First, you want to check whether you can get more data or not. While in many scenarios, data may be expensive or difficult to acquire, it’s important to not overlook this approach, and at least mention it to your interviewer.
Next, make sure you’re looking at appropriate metrics,. For example, accuracy is not a correct metric to use when classes are imbalanced — instead, you want to look at precision, recall, F1 score, and the ROC curve.
Then, you can resample the training set by either oversampling the rare samples or undersampling the abundant samples; both can be accomplished via bootstrapping. These approaches are easy and quick to run, so they should be good starting points. Note, if the event is inherently rare, then oversampling may not be necessary, and you should focus more on the evaluation function.
Additionally, you could try generating synthetic examples. There are several algorithms for doing so - the most popular is called SMOTE (synthetic minority oversampling technique), which creates synthetic samples of the rare class rather than pure copies by selecting various instances. It does this by modifying the attributes slightly by a random amount proportional to the difference in neighboring instances.

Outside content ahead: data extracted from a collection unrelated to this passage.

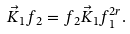<formula> <loc_0><loc_0><loc_500><loc_500>\vec { K } _ { 1 } f _ { 2 } = f _ { 2 } \vec { K } _ { 1 } f _ { 1 } ^ { 2 r } .</formula> 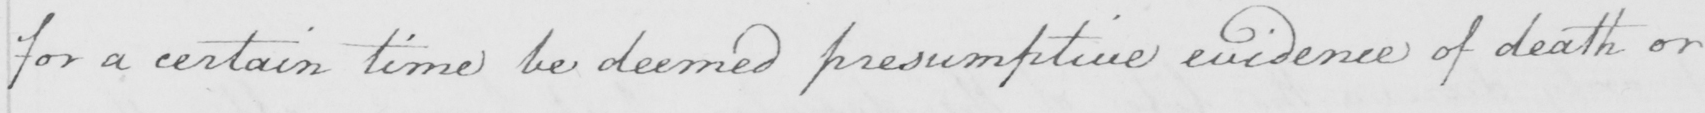What does this handwritten line say? for a certain time be deemed presumptive evidence of death or 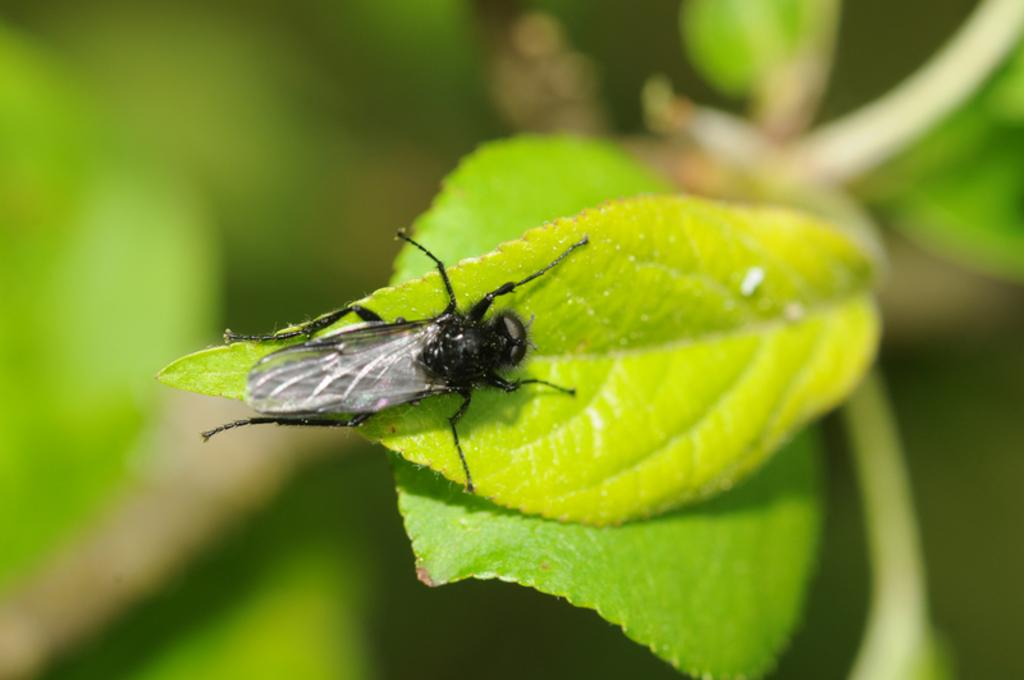What is present on the green leaf in the image? There is an insect on a green leaf in the image. Can you describe the background of the image? The background of the image is blurred. What type of copper material can be seen in the image? There is no copper material present in the image. What store is visible in the background of the image? There is no store visible in the image, as the background is blurred.

Another way is to resample classes by running ensemble models with different ratios of the classes, or by running an ensemble model using all samples of the rare class and a differing amount of the abundant class. Note that some models, such as logistic regression, are able to handle unbalanced classes relatively well in a standalone manner. You can also adjust the probability threshold to something besides 0.5 for classifying the unbalanced outcome.
Lastly, you can design your own cost function the penalizes wrong classification of the rare class more than wrong classifications of the abundant class. This is useful if you have to use a particular kind of model and you’re unable to resample. However, it can be complex to set up the penalty matrix, especially with many classes.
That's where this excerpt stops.